Verify you are getting the 12V at the pac, if you are then the pac is burned out on the remote turn on, I burned mine out and had to fix it, it's a transistor that opens, depending on which head unit you have you may have a remote lead, it's only on the pioneer equipped radios, the pac can be fixed easily if you have soldering skills


----------



## hificruzer226 (Mar 27, 2013)

KENSTV123 said:


> , depending on which head unit you have you may have a remote lead, it's only on the pioneer equipped radios


Actually its on both its what I am using and I have the non pioneer radio with mylink no nav.


----------



## KENSTV123 (Sep 21, 2014)

hificruzer226 said:


> Actually its on both its what I am using and I have the non pioneer radio with mylink no nav.


Yeah probably just firmware differences in those radios-besides the display, I opened the XM B&W display model I have and the circuit board is even stripped of the remote turn on, the pac just looks for the DC on the speaker lines and the transistor used in the pac is barely up to the task, one quick mis-probe and no remote out


----------



## Cruzing14 (May 9, 2015)

After trying 3 ground points of the frame and 2 ways of powering the pac I declared the item defective. Even with it grounded and power the pac would send no remote line power or audio through RCA wires. I tested this by removing remote line and jumping a wire from the positive terminal to the remote terminal on the amp, the amp powered up but played no music because of no RCA signal.

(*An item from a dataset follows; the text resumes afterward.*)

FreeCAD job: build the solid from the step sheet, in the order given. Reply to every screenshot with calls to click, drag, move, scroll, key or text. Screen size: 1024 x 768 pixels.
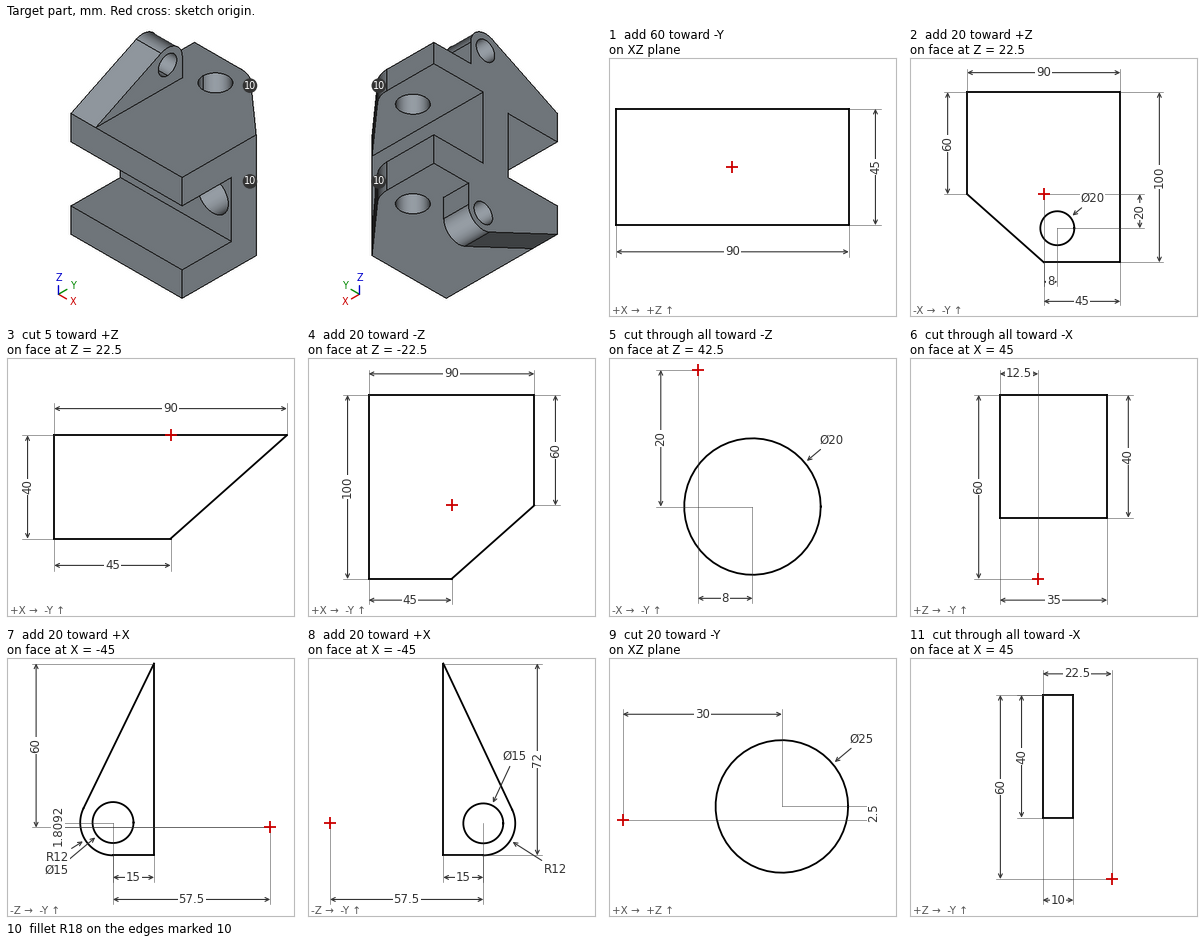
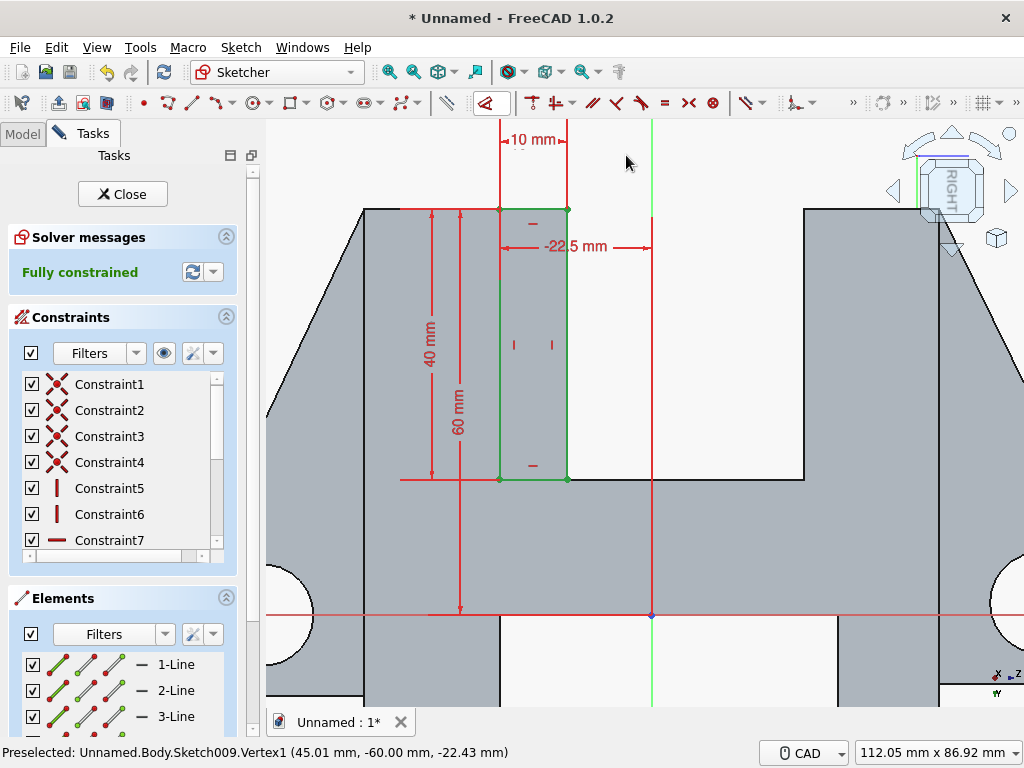
click(123, 194)

Have amp and sub installed properly. Got the remote line and the RCA siting in glove box. Might just buy a new head unit on payday and have my amp running in under 20 minutes. I don't think I'll order another pac, how would I install a LOC would it be worth not getting the new head unit?


----------



## KENSTV123 (Sep 21, 2014)

Cruzing14 said:


> After trying 3 ground points of the frame and 2 ways of powering the pac I declared the item defective. Even with it grounded and power the pac would send no remote line power or audio through RCA wires. I tested this by removing remote line and jumping a wire from the positive terminal to the remote terminal on the amp, the amp powered up but played no music because of no RCA signal.
> 
> Have amp and sub installed properly. Got the remote line and the RCA siting in glove box. Might just buy a new head unit on payday and have my amp running in under 20 minutes. I don't think I'll order another pac, how would I install a LOC would it be worth not getting the new head unit?


Something wrong with this picture here, your saying you have 12V at the pac power lead in (yellow) and ground is connected (blue/black OR black) ---do you see the red led light ??? if you have power and the led does not light you do have a defective pac, burned mine out with one quick probe short without even a spark, the transistor used to switch the remote lead on is rather small, you can replace it with a more robust one with the right skills, more important is you say still no signal with the amp turned on, the pac is a passive device as far as the line output conversion so it should work even without power and you will get signal to amp so you MUST either have a pinched or bad rca cable or the slide switches on the pac wrong--what do you have them set at ???


----------